Chambers finished second in the poll and as Manningham returned two councillors to the council she was elected to the council for two years, however the outbreak of the Second World War meant that elections were suspended by the Local Elections and Register of Electors (Temporary Provisions) Act 1939 and it was not until 1945 that Chambers had to seek re-election.

In June 1945 Chambers was the Labour nominee to be the Lord Mayor for 1945–1946 and the nomination was agreed by the other parties. Re-elected in Manningham in November 1945, Chambers was elected Lord Mayor on 10 November and also re-elected as an alderman. As her Lady Mayoress, Chamber chose her friend and fellow magistrate Martha Leach - who also happened to be the wife of Manningham's other councillor William Leach. As well as being the first woman Lord Mayor of Bradford Chambers was also the first Catholic woman to be a Lord Mayor in the United Kingdom. Her Catholicism did draw criticism when she expressed a desire for Catholics to receive the religious education they desired, with a Protestant Electors' Association being formed to counter what its members considered was a breach of the traditional neutrality of the Lord Mayor by Chambers. Chamber's term of office as Lord Mayor was unfortunately marred by the theft of the mayoral car and the mayoral chains while Chambers was on official business in Leeds. The car was recovered but the chains weren't and an appeal had to be launched to raise funds for replacements.

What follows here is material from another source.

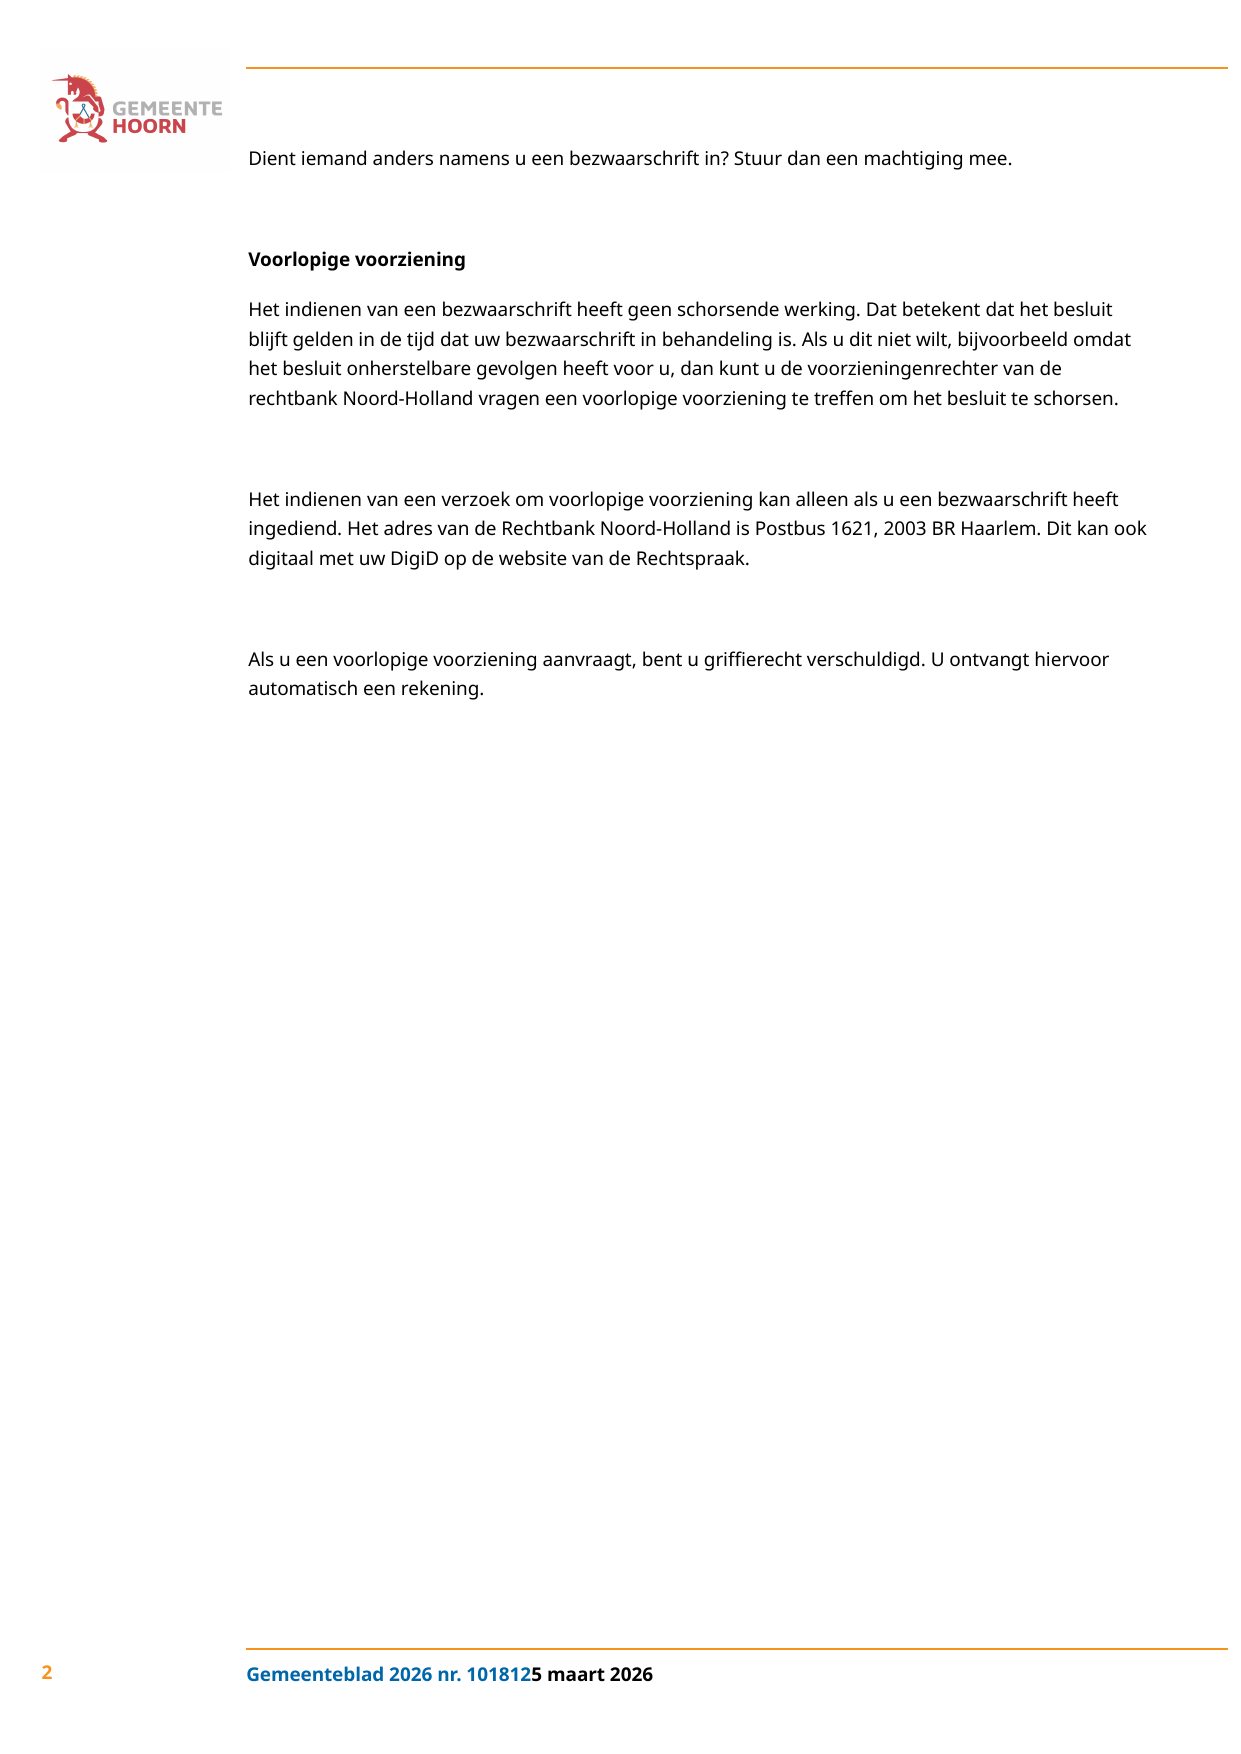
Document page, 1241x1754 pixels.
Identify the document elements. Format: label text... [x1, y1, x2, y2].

After her tenure as Lord Mayor, Chambers continued to serve as an alderman and was chair of the education committee for several years as well as being a member of numerous other bodies too. With the establishment of the National Health Service (NHS) Chambers served as the first chair of the NHS Bradford Executive Committee from 1947 until 1964.

==Other work==
As well as her political Chambers was always interested in social welfare, especially concerning people with visual impairment and was deeply involved with the Royal National Institute of Blind People becoming the chair of the charity's homes committee for the north. In 1953 the RNIB named its home in Burnham-on-Sea after her and invited Chambers to make the official opening.

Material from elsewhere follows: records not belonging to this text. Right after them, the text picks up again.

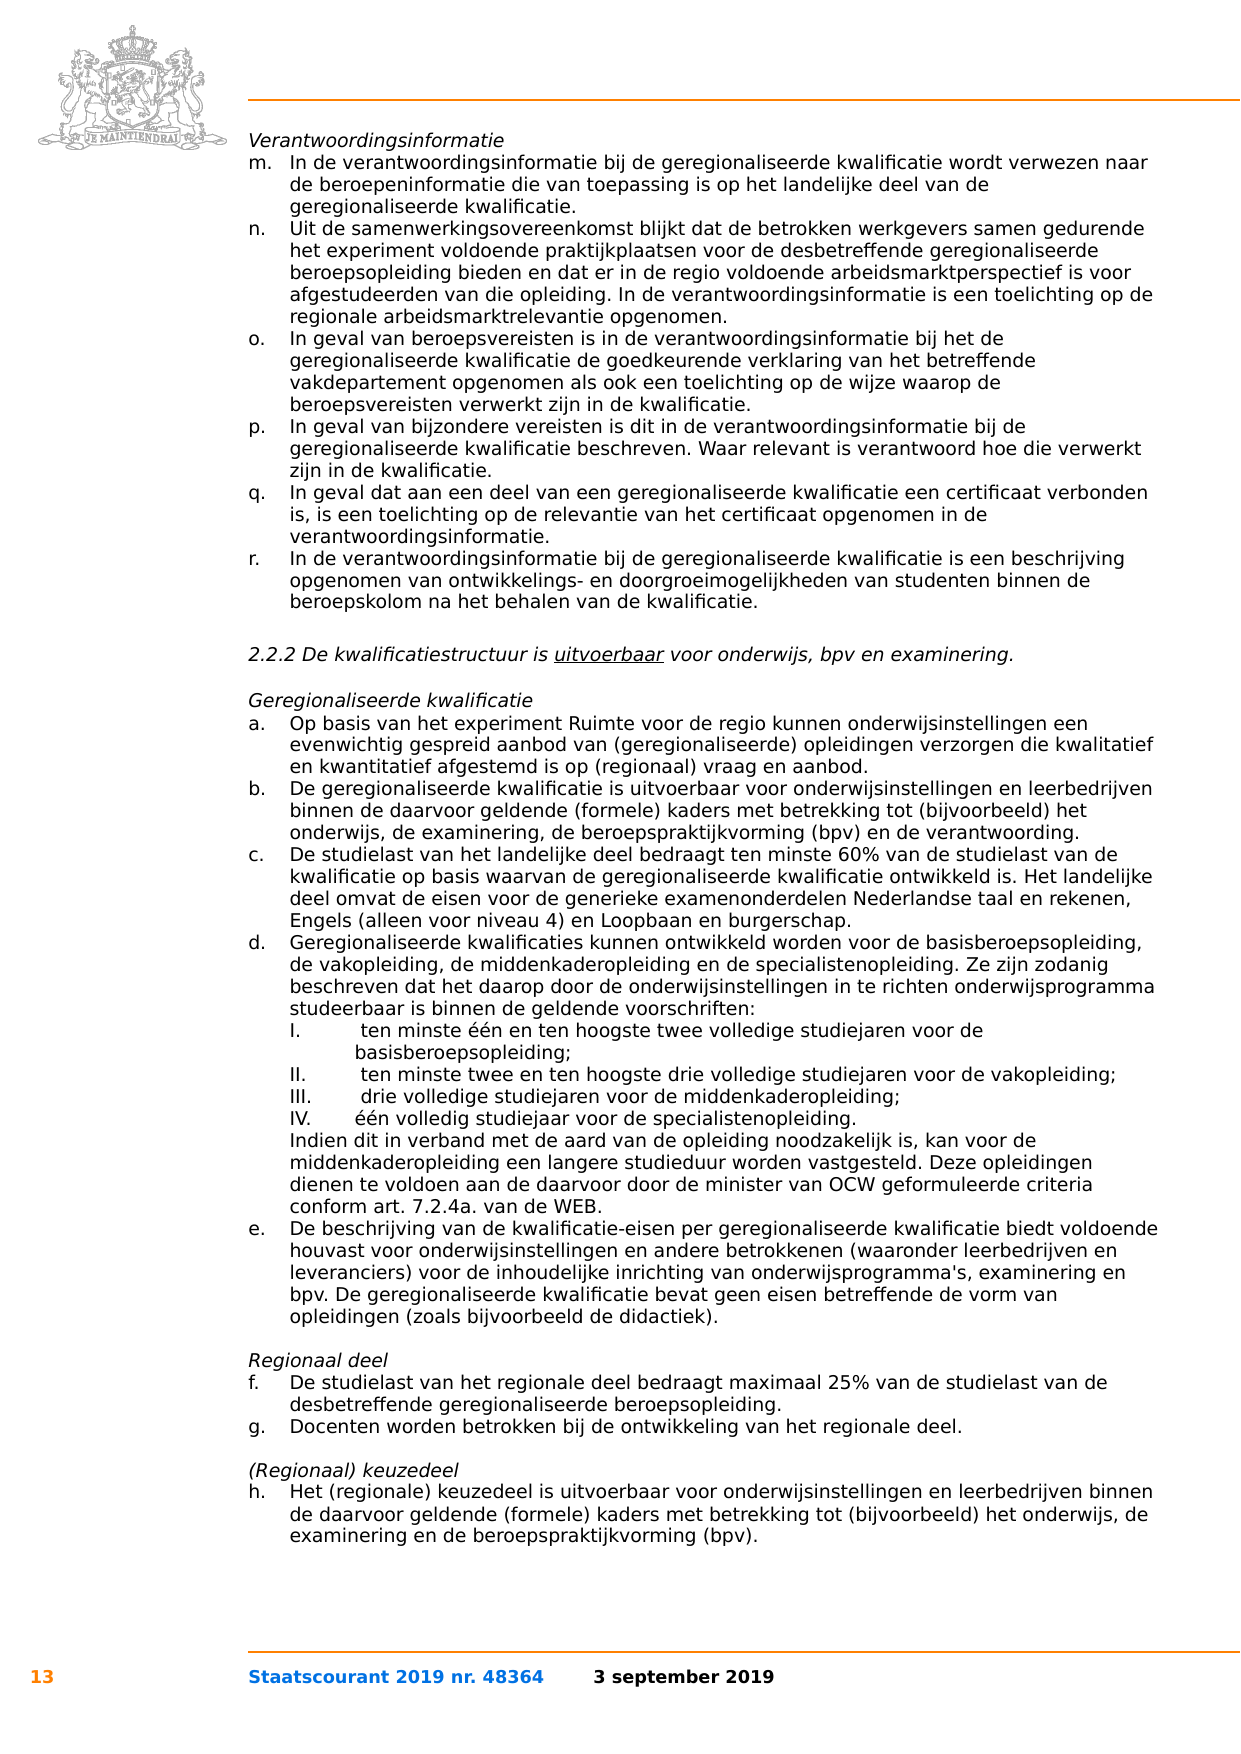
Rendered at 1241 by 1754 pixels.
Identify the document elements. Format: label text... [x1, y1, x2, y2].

text h. Het (regionale) keuzedeel is uitvoerbaar voor onderwijsinstellingen en leerbedrijven binnen de daarvoor geldende (formele) kaders met betrekking tot (bijvoorbeeld) het onderwijs, de examinering en de beroepspraktijkvorming (bpv). [248, 1481, 1163, 1547]
text p. In geval van bijzondere vereisten is dit in de verantwoordingsinformatie bij de geregionaliseerde kwalificatie beschreven. Waar relevant is verantwoord hoe die verwerkt zijn in de kwalificatie. [248, 416, 1163, 482]
text Indien dit in verband met de aard van de opleiding noodzakelijk is, kan voor de middenkaderopleiding een langere studieduur worden vastgesteld. Deze opleidingen dienen te voldoen aan de daarvoor door de minister van OCW geformuleerde criteria conform art. 7.2.4a. van de WEB. [289, 1130, 1163, 1218]
text II. ten minste twee en ten hoogste drie volledige studiejaren voor de vakopleiding; [289, 1064, 1163, 1086]
subtitle Geregionaliseerde kwalificatie [248, 690, 1163, 712]
picture [38, 25, 227, 150]
text g. Docenten worden betrokken bij de ontwikkeling van het regionale deel. [248, 1416, 1163, 1438]
text I. ten minste één en ten hoogste twee volledige studiejaren voor de basisberoepsopleiding; [289, 1020, 1163, 1064]
text r. In de verantwoordingsinformatie bij de geregionaliseerde kwalificatie is een beschrijving opgenomen van ontwikkelings- en doorgroeimogelijkheden van studenten binnen de beroepskolom na het behalen van de kwalificatie. [248, 547, 1163, 613]
text c. De studielast van het landelijke deel bedraagt ten minste 60% van de studielast van de kwalificatie op basis waarvan de geregionaliseerde kwalificatie ontwikkeld is. Het landelijke deel omvat de eisen voor de generieke examenonderdelen Nederlandse taal en rekenen, Engels (alleen voor niveau 4) en Loopbaan en burgerschap. [248, 844, 1163, 932]
text m. In de verantwoordingsinformatie bij de geregionaliseerde kwalificatie wordt verwezen naar de beroepeninformatie die van toepassing is op het landelijke deel van de geregionaliseerde kwalificatie. [248, 152, 1163, 218]
text III. drie volledige studiejaren voor de middenkaderopleiding; [289, 1086, 1163, 1108]
text IV. één volledig studiejaar voor de specialistenopleiding. [289, 1108, 1163, 1130]
subtitle Verantwoordingsinformatie [248, 130, 1163, 152]
text n. Uit de samenwerkingsovereenkomst blijkt dat de betrokken werkgevers samen gedurende het experiment voldoende praktijkplaatsen voor de desbetreffende geregionaliseerde beroepsopleiding bieden en dat er in de regio voldoende arbeidsmarktperspectief is voor afgestudeerden van die opleiding. In de verantwoordingsinformatie is een toelichting op de regionale arbeidsmarktrelevantie opgenomen. [248, 218, 1163, 328]
subtitle Regionaal deel [248, 1350, 1163, 1372]
subtitle 2.2.2 De kwalificatiestructuur is uitvoerbaar voor onderwijs, bpv en examinering. [248, 643, 1163, 665]
subtitle (Regionaal) keuzedeel [248, 1459, 1163, 1481]
text a. Op basis van het experiment Ruimte voor de regio kunnen onderwijsinstellingen een evenwichtig gespreid aanbod van (geregionaliseerde) opleidingen verzorgen die kwalitatief en kwantitatief afgestemd is op (regionaal) vraag en aanbod. [248, 712, 1163, 778]
text f. De studielast van het regionale deel bedraagt maximaal 25% van de studielast van de desbetreffende geregionaliseerde beroepsopleiding. [248, 1372, 1163, 1416]
text q. In geval dat aan een deel van een geregionaliseerde kwalificatie een certificaat verbonden is, is een toelichting op de relevantie van het certificaat opgenomen in de verantwoordingsinformatie. [248, 482, 1163, 547]
text b. De geregionaliseerde kwalificatie is uitvoerbaar voor onderwijsinstellingen en leerbedrijven binnen de daarvoor geldende (formele) kaders met betrekking tot (bijvoorbeeld) het onderwijs, de examinering, de beroepspraktijkvorming (bpv) en de verantwoording. [248, 778, 1163, 844]
text d. Geregionaliseerde kwalificaties kunnen ontwikkeld worden voor de basisberoepsopleiding, de vakopleiding, de middenkaderopleiding en de specialistenopleiding. Ze zijn zodanig beschreven dat het daarop door de onderwijsinstellingen in te richten onderwijsprogramma studeerbaar is binnen de geldende voorschriften: [248, 932, 1163, 1020]
text e. De beschrijving van de kwalificatie-eisen per geregionaliseerde kwalificatie biedt voldoende houvast voor onderwijsinstellingen en andere betrokkenen (waaronder leerbedrijven en leveranciers) voor de inhoudelijke inrichting van onderwijsprogramma's, examinering en bpv. De geregionaliseerde kwalificatie bevat geen eisen betreffende de vorm van opleidingen (zoals bijvoorbeeld de didactiek). [248, 1218, 1163, 1328]
text o. In geval van beroepsvereisten is in de verantwoordingsinformatie bij het de geregionaliseerde kwalificatie de goedkeurende verklaring van het betreffende vakdepartement opgenomen als ook een toelichting op de wijze waarop de beroepsvereisten verwerkt zijn in de kwalificatie. [248, 328, 1163, 416]

Chambers was invited to become a member of the Ministry of Health Welfare of the Blind Advisory Committee in 1937. Post-war Chambers was a member of the Ministry of Health Handicapped Persons Welfare Advisory Committee. Her work on these committees was rewarded with her being made a Commander of the Most Excellent Order of the British Empire (CBE) in the 1952 New Year Honours.

==Personal life==
Ethel Kathleen Mee married merchant navy officer James McLean in 1898 in Glasgow, the marriage was short as McLean died in 1904.

After T. P. Sykes death in 1919, Kathleen married Bradford businessman William Chambers in 1922 at St Patrick's Church, Bradford. Their son Dennis was born in 1924. Chambers was widowed for the third time when William died in 1947 only months after their silver wedding anniversary.

In 1941 Chambers was awarded the Pro Ecclesia et Pontifice for her public services.

Chambers was a long-time member of the governing body (the Council) of the University of Leeds and in 1951 was made an honorary Doctor of Laws by the University. (Note: Chambers second husband T.P. Sykes was also an honorary graduate of Leeds University having been awarded an honorary MA in 1906.)

Chambers died at Bradford Royal Infirmary on 15 April 1965 and was still a serving member of Bradford council at her death, she was survived by her son Dennis.